The Hero Gonzalo Guerrero
On 12 October 1992, depending on your point of view, we observed either the quincentennial celebration of Columbus Day or the International Day of Solidarity with Indigenous People. After 500 years it was hard for indigenous people, and many others, to get behind Columbus. After seeing the first native inhabitants he wrote: ‘They do not carry weapons and do not know them, for I showed them a sword, they took it by the edge and cut themselves out of ignorance... With 50 men we could subjugate them all and make them do whatever we want.’ And so from the beginning the strategy was set.
Before 2011 ends, there is another quincentennial I want to talk about. It’s been 500 years since 1511 when Gonzalo Guerrero washed ashore in what today is Quintana Roo, after his ship sank in a hurricane and he drifted two weeks on a raft off the Caribbean coast of Mexico. Nineteen years earlier this hired soldier had been on the carvel Niña during Columbus’ first voyage. Born in Andalusia, a veteran soldier and Christian, Guerrero found himself far from his ranks, far from Christendom, captured and put into a cage and forced into slavery.
Columbus was a flawed character. He cheated the captain of the Pinta out of the award of a lifetime pension, promised by the King of Spain, by lying about having seen land first. He demanded tribute from indigenous peoples, cutting off their hands and watching them bleed to death when not paid on time.
Guerrero was a hero. He overcame great danger and physical trials. He overcame isolation. Most heroic of all, he overcame his own culture. He overcame the great Christian lie of his time, the time of the inquisition, with soldier-monks murdering tens of thousands of Jews, protestants and homosexuals in Europe, all in the holy name of the ‘love your enemy’ Christ. And now there was a new world, where everyone was a non-Christian and so everyone could be tortured with impunity.
The reality of this land is that the invasion of Europeans and the invasion of Christianity was a disaster of unimaginable proportions. Ninety percent of the people of two continents paid with their lives.

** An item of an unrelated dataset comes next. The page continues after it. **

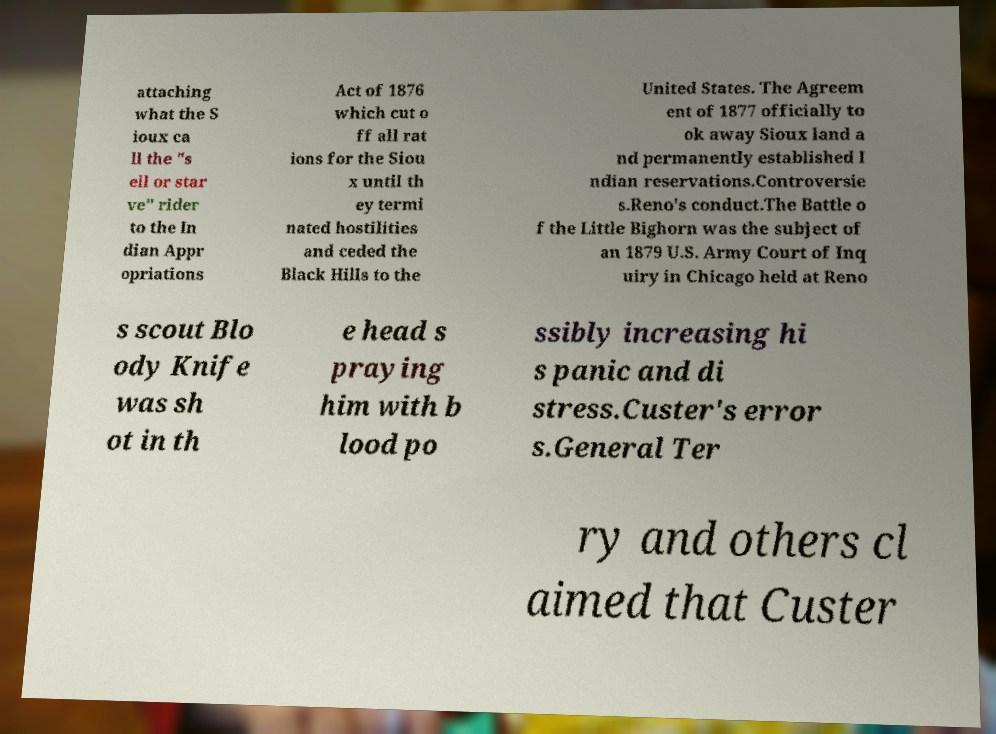Please identify and transcribe the text found in this image. attaching what the S ioux ca ll the "s ell or star ve" rider to the In dian Appr opriations Act of 1876 which cut o ff all rat ions for the Siou x until th ey termi nated hostilities and ceded the Black Hills to the United States. The Agreem ent of 1877 officially to ok away Sioux land a nd permanently established I ndian reservations.Controversie s.Reno's conduct.The Battle o f the Little Bighorn was the subject of an 1879 U.S. Army Court of Inq uiry in Chicago held at Reno s scout Blo ody Knife was sh ot in th e head s praying him with b lood po ssibly increasing hi s panic and di stress.Custer's error s.General Ter ry and others cl aimed that Custer 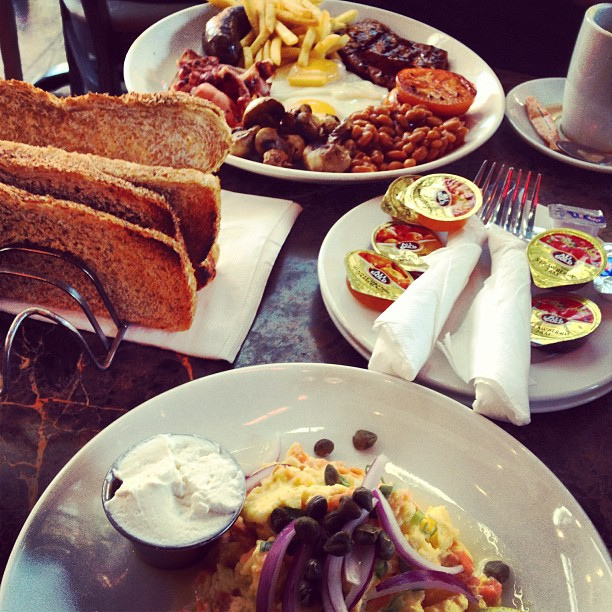Describe the cup on the table. What do you think is inside it? The cup on the table appears to be a ceramic mug, likely containing coffee or tea, given the context of a breakfast setting.

Guerrero was Spanish. Guerrero was Christian. Yet he went from being a slave in a cage, on a hot tropical beach 5,000 miles from home, to having a Mayan wife and three Mayan children, and to being a Mayan Cacique, lord over the temples of Ichpaatún near Chetumal, and a Mayan war chief. He fought against the enemies of God and man, against his Christian countrymen, and led the Maya fight against Cortés. He taught European war theory and battle science to his adopted Mayan brothers. It may have been due to his influence that the Yucatán Maya were never completely subdued, and they continued to fight their overlords of European descent in the Caste War extending into the 20th Century.
Mayan war Chief Gonzalo Guerrero was killed in battle. He had gone with 50 war canoes to aid fellow Mayan Cacique Cicumba, who was being attacked by Pedro de Alvarado in what is today Honduras. Pedro de Alvarado was the conquistador who conquered Guatemala, known best for his legendary cruelty toward all of humanity. It was a confrontation between the best and the worst of the Spanish, and of the human family. Gonzalo Guerrero was killed by a Spanish arquebus shot to the chest.
The gift of Gonzalo Guerrero was more than a set of survival skills. The gift of Gonzalo Guerrero was a way of seeing. He never rejected the god of his upbringing in Andalusia, and sent his countrymen away ‘with God’s blessing’ when they came to ‘rescue’ him. He was no longer Spanish. He was never fully Mayan. He was what we today would call an American, a catch-all term for the people of this hemisphere.
Gonzalo Guerrero was open to the reality of this land, to the spirit, or angels, or however he would describe, with his Christian vocabulary, the divine nature of the ground beneath his feet. The names are not important. The reality, the inspirited reality that predated Guerrero by thousands of years and remains beneath our feet today, is what is important. It does not mean that there is no place for Christianity here. It does mean that Americans must at the very least be respectful of the way God has been manifested in this place.
Our ability to live in healthy relationship with the environment, within the natural system of life and spirit, waits for our eyes to be opened. It waits for us to receive Gonzalo Guerrero’s gift of seeing.